President Ford restored the good name of the United States in a time of crisis. He was not a man whose temperament was given to brooding or doubt, anxiety or sleeplessness. But in his later years, in Colorado or California, when he couldn’t sleep, he told his friend, presidential biographer Richard Norton Smith, he would lie awake at night “and think of Grand Rapids” as if evoking a comfortable dream.
He was not born in Grand Rapids, just as he was not born Jerry Ford. But Grand Rapids became his hometown when he was very young. Its iconic Midwestern sobriety and earnestness went a long way toward defining him. It nurtured and sheltered him. It eventually sent him to Congress as its representative — over and over. He repaid his constituents with hard work, from personal responses to their letters and requests to inspiring appearances at every occasion, from the Red Flannel Days parade to the smallest school assembly. He served the town and the town, in turn, gave him a place to which he could always go home again.
Hendrik Booraem’s story of the young Gerald Ford is a powerful testament to the way nature and nurture — and in some ways nature giving way to nurture — come together to form who we are. Tracing the childhood of our thirty-eighth president is a detective story as well as a retelling of familiar truths. Booraem, who has previously published youth biographies of Presidents Andrew Jackson, William Henry Harrison, James Garfield, and Calvin Coolidge, does a masterful job of discerning in Ford’s youth the seeds of character that would alter American history.
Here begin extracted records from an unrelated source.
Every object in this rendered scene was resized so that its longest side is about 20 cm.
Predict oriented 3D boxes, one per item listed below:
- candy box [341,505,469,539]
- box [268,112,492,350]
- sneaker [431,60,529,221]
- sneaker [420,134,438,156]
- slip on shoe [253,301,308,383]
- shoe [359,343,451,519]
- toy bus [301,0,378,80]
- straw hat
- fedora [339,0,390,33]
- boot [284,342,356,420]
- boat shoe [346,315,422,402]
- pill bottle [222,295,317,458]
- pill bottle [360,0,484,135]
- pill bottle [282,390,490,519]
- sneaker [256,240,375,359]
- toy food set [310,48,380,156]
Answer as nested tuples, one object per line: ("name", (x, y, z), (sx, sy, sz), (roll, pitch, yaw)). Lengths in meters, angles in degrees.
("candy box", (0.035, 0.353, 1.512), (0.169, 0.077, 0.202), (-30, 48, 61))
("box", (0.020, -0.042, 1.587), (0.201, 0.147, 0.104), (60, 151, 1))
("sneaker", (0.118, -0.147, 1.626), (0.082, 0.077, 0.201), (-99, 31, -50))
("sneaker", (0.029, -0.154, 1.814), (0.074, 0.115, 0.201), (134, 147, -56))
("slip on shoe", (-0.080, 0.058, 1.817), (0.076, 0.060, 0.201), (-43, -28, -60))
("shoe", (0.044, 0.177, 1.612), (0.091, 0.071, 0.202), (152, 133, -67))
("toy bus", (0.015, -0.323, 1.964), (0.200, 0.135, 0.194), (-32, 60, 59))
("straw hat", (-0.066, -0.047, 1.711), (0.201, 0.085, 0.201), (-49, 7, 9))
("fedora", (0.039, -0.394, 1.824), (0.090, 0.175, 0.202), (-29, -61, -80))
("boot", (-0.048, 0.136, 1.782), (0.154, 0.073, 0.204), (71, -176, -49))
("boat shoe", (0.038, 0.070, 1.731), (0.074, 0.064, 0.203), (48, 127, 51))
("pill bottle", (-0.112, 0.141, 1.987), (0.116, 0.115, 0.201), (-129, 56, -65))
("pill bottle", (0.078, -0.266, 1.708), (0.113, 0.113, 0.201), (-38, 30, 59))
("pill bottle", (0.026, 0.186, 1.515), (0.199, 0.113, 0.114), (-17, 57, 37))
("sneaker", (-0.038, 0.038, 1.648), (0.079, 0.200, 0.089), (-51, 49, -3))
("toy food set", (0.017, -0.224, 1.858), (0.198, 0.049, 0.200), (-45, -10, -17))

His mother and stepfather provided the secure support that fostered a confident young man. Their home had three rules: work hard, tell the truth, and show up for dinner on time. The Boy Scouts, South High School, and an uneven gridiron, where a young athlete proved his toughness and prowess, provided settings where a powerful personality could begin to assert itself. As Speaker of the United States House of Representatives Thomas P. (“Tip”) O’Neill observed of his good friend across the aisle, the country was fortunate to have President Ford in its grave moment of constitutional peril in the 1970s just as it was fortunate to have Abraham Lincoln during the agony of the Civil War in the 1860s.
Reflecting on West Michigan’s native son in this the centennial year of his birth (2013), it is altogether appropriate that we revisit his roots as we celebrate his legacy. Where did Gerald Ford come from? What resources did he draw upon when he found himself so suddenly crossing the threshold of the White House as its unelected occupant? We are lucky indeed to have Hendrik Booraem’s account of how where he came from shaped who he became.